If m is message, c is ciphertext, e is exponent, then RSA.encrypt is
like c = pow(m, e, N) and RSA.decrypt is like m = pow(c, d, N).

That's what I'm testing below.

If this were a math class with Java, a CS class or whatever, we might go:

import java.math.BigInteger;
import java.security.SecureRandom;
import java.util.Random;

/*

 */
public class MainClass {
  public static void main(String[] unused) {
    Random prng = new SecureRandom();  // self-seeding
    System.out.println(BigInteger.probablePrime(10, prng));
    }


}

So in Jython then (just installed through Synaptic, painlessly, even
if an older version i.e. 2.5b3 is just out 6 days ago).:

Jython 2.2.1 on java1.6.0_07
Type "copyright", "credits" or "license" for more information.

>>> import java.math.BigInteger as big
>>> import java.security.SecureRandom

>>> prng = java.security.SecureRandom()


>>> big.probablePrime(1000, prng)
986024402532744041493470893465725154540167461230347296361
094920931610743969216973764051955623260076378742309845854
297301750831176718526148689979016653882056041932096046944
963620102533089175317598139585190865815470057233752762341
448040708612248660611811336839535064227491583786355872281
6236632070326659

That could be our p, then we'd need a q.

But instead I go with a famous case of a German group cracking the
challenge number RSA-640, think the realism there adds spice to the
story, saves the module from going overboard with technicalia, like we
can get into actually generating these suckers in another lesson plan
why not.  I've had my various cryptography pages at my web site for
many years, Ian working with Whit (Sun CSO) on some others for
sociality.tv seems like.

I realize there's some irony in speaking so kindly of Python on St.
Patty's day tomorrow but of course in my family we're glad to have
Celtic lore alive and well, and besides there weren't any snakes
before that so helluva job guy!  Might make some fun skits ("did you
get rid of the tigers too then?").

Note that in 2.6 you have both kinds of print, so if you want to train
your fingers for the __future__, start using those parentheses eh?

A point here is to advertise the superiority of *any*
big-integer-capable setup over a calculator, even just one laptop with
projector and Internet would be a huge step up, let kids share
projecting, teach lightning talk format, explain how, in the major
leagues, that 5 mins is taken quite seriously.
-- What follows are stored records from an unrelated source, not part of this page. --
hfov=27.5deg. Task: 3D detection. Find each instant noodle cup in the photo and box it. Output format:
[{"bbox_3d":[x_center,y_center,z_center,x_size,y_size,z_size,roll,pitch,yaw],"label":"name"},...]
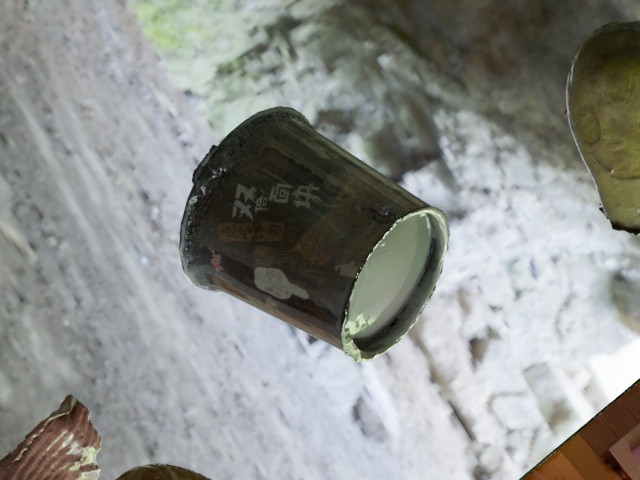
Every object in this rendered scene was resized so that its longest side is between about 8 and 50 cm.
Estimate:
[{"bbox_3d":[0.000,0.000,1.327,0.207,0.217,0.217,30,-9,29],"label":"instant noodle cup"}]

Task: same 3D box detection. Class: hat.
[{"bbox_3d":[-0.428,0.378,1.878,0.286,0.107,0.236,-38,131,-50],"label":"hat"}]

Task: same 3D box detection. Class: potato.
[{"bbox_3d":[0.405,-0.162,1.591,0.229,0.229,0.266,-116,-179,-47],"label":"potato"}]

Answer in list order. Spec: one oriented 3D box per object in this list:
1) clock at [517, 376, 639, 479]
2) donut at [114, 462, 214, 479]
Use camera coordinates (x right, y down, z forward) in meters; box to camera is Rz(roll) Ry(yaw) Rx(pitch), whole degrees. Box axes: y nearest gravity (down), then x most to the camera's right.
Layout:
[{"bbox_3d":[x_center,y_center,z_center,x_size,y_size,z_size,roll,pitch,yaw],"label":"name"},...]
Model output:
[{"bbox_3d":[0.242,0.195,1.056,0.106,0.220,0.255,50,15,13],"label":"clock"},{"bbox_3d":[-0.115,0.291,1.087,0.226,0.114,0.226,42,16,-15],"label":"donut"}]
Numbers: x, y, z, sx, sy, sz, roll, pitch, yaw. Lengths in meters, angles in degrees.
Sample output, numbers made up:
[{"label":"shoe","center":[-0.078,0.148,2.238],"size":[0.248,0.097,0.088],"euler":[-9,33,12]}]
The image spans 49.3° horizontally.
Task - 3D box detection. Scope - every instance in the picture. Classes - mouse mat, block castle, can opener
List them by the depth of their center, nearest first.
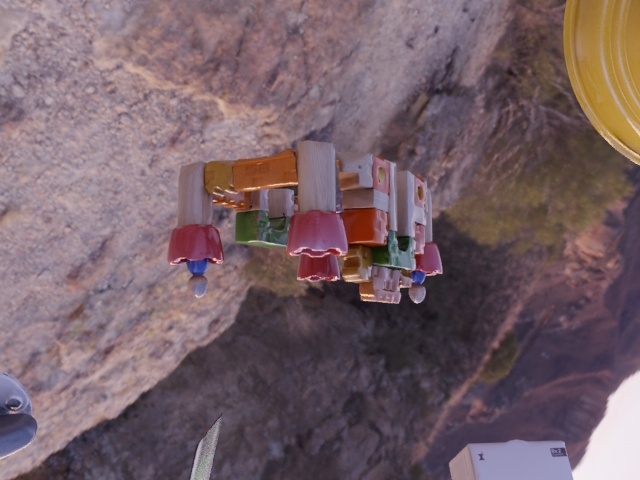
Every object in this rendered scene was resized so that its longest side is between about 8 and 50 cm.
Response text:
[{"label":"can opener","center":[-0.452,0.221,0.753],"size":[0.280,0.093,0.074],"euler":[-18,112,-5]},{"label":"mouse mat","center":[-0.194,0.377,1.143],"size":[0.190,0.007,0.152],"euler":[1,101,-85]},{"label":"block castle","center":[0.000,0.000,1.151],"size":[0.453,0.303,0.212],"euler":[13,74,-60]}]

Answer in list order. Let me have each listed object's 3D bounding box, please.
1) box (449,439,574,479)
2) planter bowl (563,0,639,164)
[{"label":"box","center":[0.339,0.452,1.207],"size":[0.119,0.181,0.182],"euler":[104,-16,-55]},{"label":"planter bowl","center":[0.252,-0.121,0.383],"size":[0.217,0.217,0.090],"euler":[-64,177,25]}]
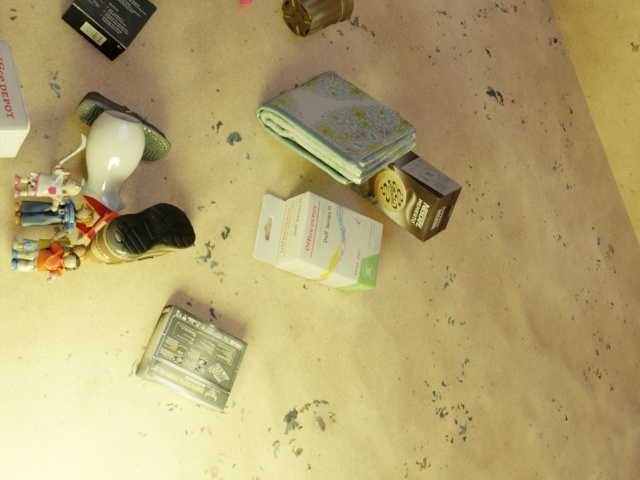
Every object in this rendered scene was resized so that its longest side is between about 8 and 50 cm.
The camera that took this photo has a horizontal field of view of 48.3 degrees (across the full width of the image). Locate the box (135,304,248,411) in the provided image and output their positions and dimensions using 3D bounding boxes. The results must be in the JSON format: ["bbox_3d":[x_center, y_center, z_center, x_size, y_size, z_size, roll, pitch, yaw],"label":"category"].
[{"bbox_3d":[-0.306,0.287,1.730,0.231,0.056,0.183,33,62,-28],"label":"box"}]

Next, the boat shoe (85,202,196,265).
[{"bbox_3d":[-0.416,-0.010,1.653,0.324,0.119,0.123,-10,77,-67],"label":"boat shoe"}]

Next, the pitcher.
[{"bbox_3d":[-0.500,-0.191,1.615,0.177,0.125,0.207,17,105,-15],"label":"pitcher"}]

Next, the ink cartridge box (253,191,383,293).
[{"bbox_3d":[0.000,0.000,1.995,0.353,0.119,0.207,21,68,-33],"label":"ink cartridge box"}]

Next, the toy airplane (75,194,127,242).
[{"bbox_3d":[-0.513,-0.049,1.664,0.151,0.028,0.151,10,72,-35],"label":"toy airplane"}]

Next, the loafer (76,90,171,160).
[{"bbox_3d":[-0.463,-0.281,1.711,0.251,0.094,0.087,35,29,-41],"label":"loafer"}]

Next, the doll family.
[{"bbox_3d":[-0.581,-0.029,1.561,0.163,0.118,0.263,1,77,-20],"label":"doll family"}]

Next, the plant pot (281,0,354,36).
[{"bbox_3d":[-0.017,-0.698,2.128,0.165,0.167,0.167,-39,105,-28],"label":"plant pot"}]

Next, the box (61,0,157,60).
[{"bbox_3d":[-0.512,-0.554,1.738,0.156,0.093,0.158,40,59,-25],"label":"box"}]

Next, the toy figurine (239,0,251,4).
[{"bbox_3d":[-0.243,-0.735,2.002,0.159,0.130,0.173,21,42,-47],"label":"toy figurine"}]

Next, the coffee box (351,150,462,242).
[{"bbox_3d":[0.248,-0.155,2.097,0.118,0.168,0.297,-26,53,-38],"label":"coffee box"}]

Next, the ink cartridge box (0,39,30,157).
[{"bbox_3d":[-0.772,-0.284,1.427,0.306,0.131,0.226,-5,70,-40],"label":"ink cartridge box"}]

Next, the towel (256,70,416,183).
[{"bbox_3d":[0.053,-0.324,2.029,0.374,0.090,0.320,38,47,19],"label":"towel"}]
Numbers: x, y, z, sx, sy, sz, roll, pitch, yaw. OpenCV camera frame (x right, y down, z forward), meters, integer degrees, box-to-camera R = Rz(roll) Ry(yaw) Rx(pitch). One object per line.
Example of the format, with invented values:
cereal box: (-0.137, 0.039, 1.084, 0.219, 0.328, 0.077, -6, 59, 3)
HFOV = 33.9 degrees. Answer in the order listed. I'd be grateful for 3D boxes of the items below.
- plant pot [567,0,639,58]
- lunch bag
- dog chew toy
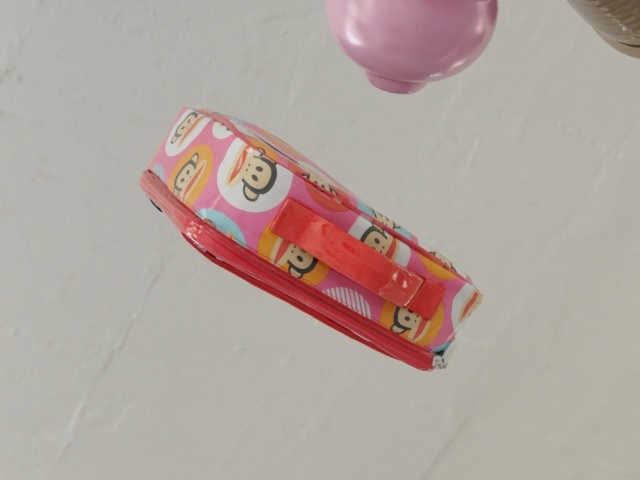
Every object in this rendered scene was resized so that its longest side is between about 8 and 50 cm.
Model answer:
plant pot: (0.258, -0.267, 0.870, 0.110, 0.237, 0.237, -6, -45, -25)
lunch bag: (0.000, 0.000, 0.922, 0.293, 0.258, 0.120, 31, -88, -28)
dog chew toy: (0.086, -0.264, 0.740, 0.207, 0.206, 0.331, 4, -61, -14)
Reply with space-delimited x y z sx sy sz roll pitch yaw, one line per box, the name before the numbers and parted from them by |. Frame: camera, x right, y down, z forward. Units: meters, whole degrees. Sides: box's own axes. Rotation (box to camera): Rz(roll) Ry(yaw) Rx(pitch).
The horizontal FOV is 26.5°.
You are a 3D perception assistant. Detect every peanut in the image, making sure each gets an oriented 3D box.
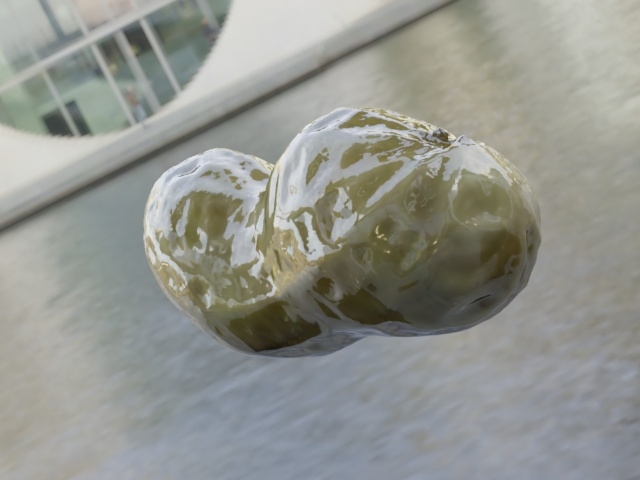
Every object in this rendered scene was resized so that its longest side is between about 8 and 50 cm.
peanut | 0.000 0.000 0.614 0.229 0.098 0.103 -11 62 47
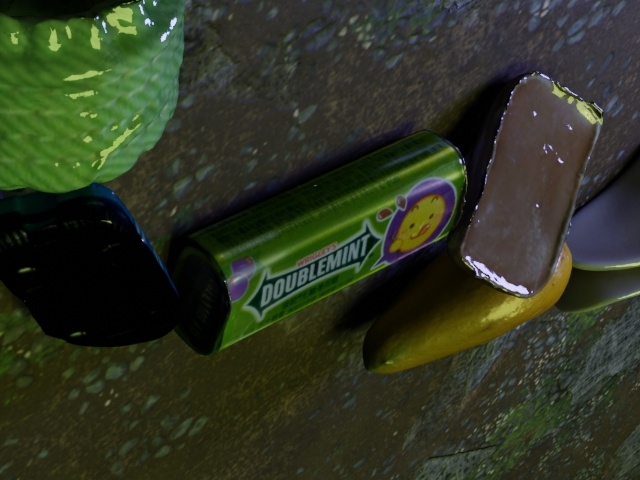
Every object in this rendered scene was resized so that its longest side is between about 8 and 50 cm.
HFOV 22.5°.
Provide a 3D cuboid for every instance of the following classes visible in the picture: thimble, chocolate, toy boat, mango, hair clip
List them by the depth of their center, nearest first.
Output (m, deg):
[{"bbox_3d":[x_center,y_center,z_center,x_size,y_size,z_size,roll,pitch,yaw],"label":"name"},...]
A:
[{"bbox_3d":[-0.201,-0.145,1.092,0.219,0.219,0.150,-28,145,-32],"label":"thimble"},{"bbox_3d":[-0.204,0.006,1.405,0.134,0.092,0.299,-10,157,2],"label":"toy boat"},{"bbox_3d":[0.219,-0.064,1.853,0.161,0.083,0.261,32,74,-34],"label":"chocolate"},{"bbox_3d":[0.180,0.068,1.952,0.316,0.176,0.119,-31,108,-11],"label":"mango"},{"bbox_3d":[0.430,-0.013,2.212,0.282,0.172,0.113,-35,144,-4],"label":"hair clip"}]

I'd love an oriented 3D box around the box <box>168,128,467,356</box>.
[{"bbox_3d":[0.000,0.000,1.673,0.345,0.097,0.134,-25,143,-36],"label":"box"}]

I've also mentioned about "thunder talks" which roll out a little more
slowly (the whole show is the "a [perfect] storm" (as in "to
brainstorm")).

Kirby

"""
Why calculators aren't as fun (unless yours has a bigger than
usual screen maybe?):

RSA-640

RSA-640 has 193 decimal digits. A cash prize of US$20,000 was
offered by RSA Security for a successful factorization.
On November 2, 2005, F. Bahr, M. Boehm, J. Franke and T. Kleinjung
of the German Federal Office for Information Security announced
that they had factorized the number using GNFS as follows:
[19][20][21]

RSA-640 = 31074182404900437213507500358885679300373460228427275457
          20161948823206440518081504556346829671723286782437916272
          83803341547107310850191954852900733772482278352574238645
          4014691736602477652346609

RSA-640 = 16347336458092538484431338838650908598417836700330923121
          81110852389333100104508151212118167511579
        × 19008712816648221131268515739354139754718967899685154936
          66638539088027103802104498957191261465571

The computation took 5 months on 80 2.2 GHz AMD Opteron CPUs.

The slightly larger RSA-200 was factored in May 2005 by the same team.

See:
http://en.wikipedia.org/wiki/RSA-640#RSA-640
"""

N = int("31074182404900437213507500358885679300373460228427275457" +\
         "20161948823206440518081504556346829671723286782437916272" +\
         "83803341547107310850191954852900733772482278352574238645" +\
         "4014691736602477652346609")

p = int("16347336458092538484431338838650908598417836700330923121"+\
        "81110852389333100104508151212118167511579")

q = int("19008712816648221131268515739354139754718967899685154936"+\
        "66638539088027103802104498957191261465571")

totient = (p - 1) * (q - 1)

"""
These guys only work in a namespace with N, d already defined

We're setting e = 7 to keep it simple

Euler's Totient Theorem (cutting and pasting, adapting to Python)...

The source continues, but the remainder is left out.